THE PROBLEM >>
Note each line of the entries that includes "these". Then copy those lines.

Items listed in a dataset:
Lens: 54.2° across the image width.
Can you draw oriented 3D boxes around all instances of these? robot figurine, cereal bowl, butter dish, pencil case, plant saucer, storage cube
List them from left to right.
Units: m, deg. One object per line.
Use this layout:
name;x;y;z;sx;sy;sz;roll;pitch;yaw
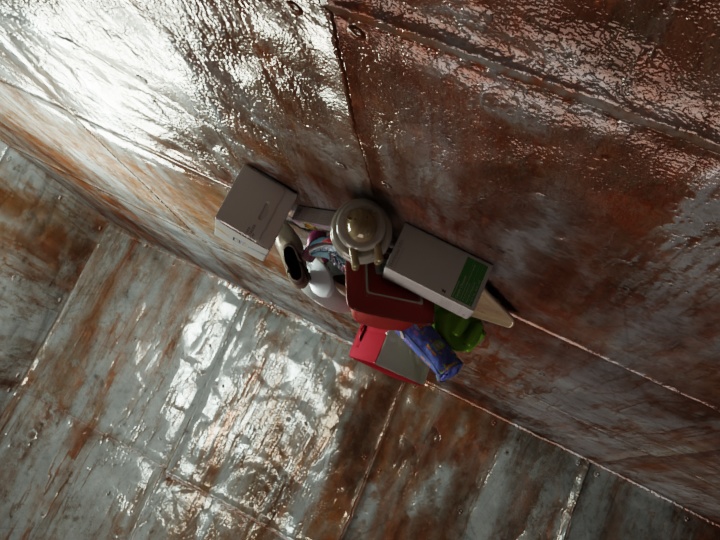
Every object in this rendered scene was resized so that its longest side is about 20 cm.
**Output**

---

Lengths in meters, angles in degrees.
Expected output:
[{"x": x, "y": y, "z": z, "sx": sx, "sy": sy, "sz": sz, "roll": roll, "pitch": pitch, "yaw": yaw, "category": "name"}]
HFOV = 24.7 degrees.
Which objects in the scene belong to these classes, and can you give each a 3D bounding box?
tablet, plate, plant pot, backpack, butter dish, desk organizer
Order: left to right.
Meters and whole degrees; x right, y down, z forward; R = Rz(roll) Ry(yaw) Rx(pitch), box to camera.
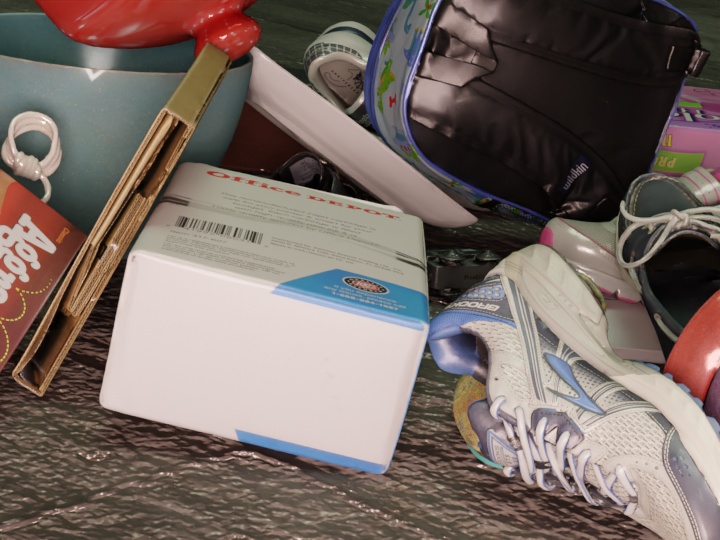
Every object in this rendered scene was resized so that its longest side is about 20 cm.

SOLUTION TO THIS EXERCISE >>
Can you draw oriented 3D boxes around all instances of these? robot figurine, cereal bowl, butter dish, pencil case, plant saucer, storage cube
Which objects in the scene belong to these classes, and can you give each a 3D bounding box?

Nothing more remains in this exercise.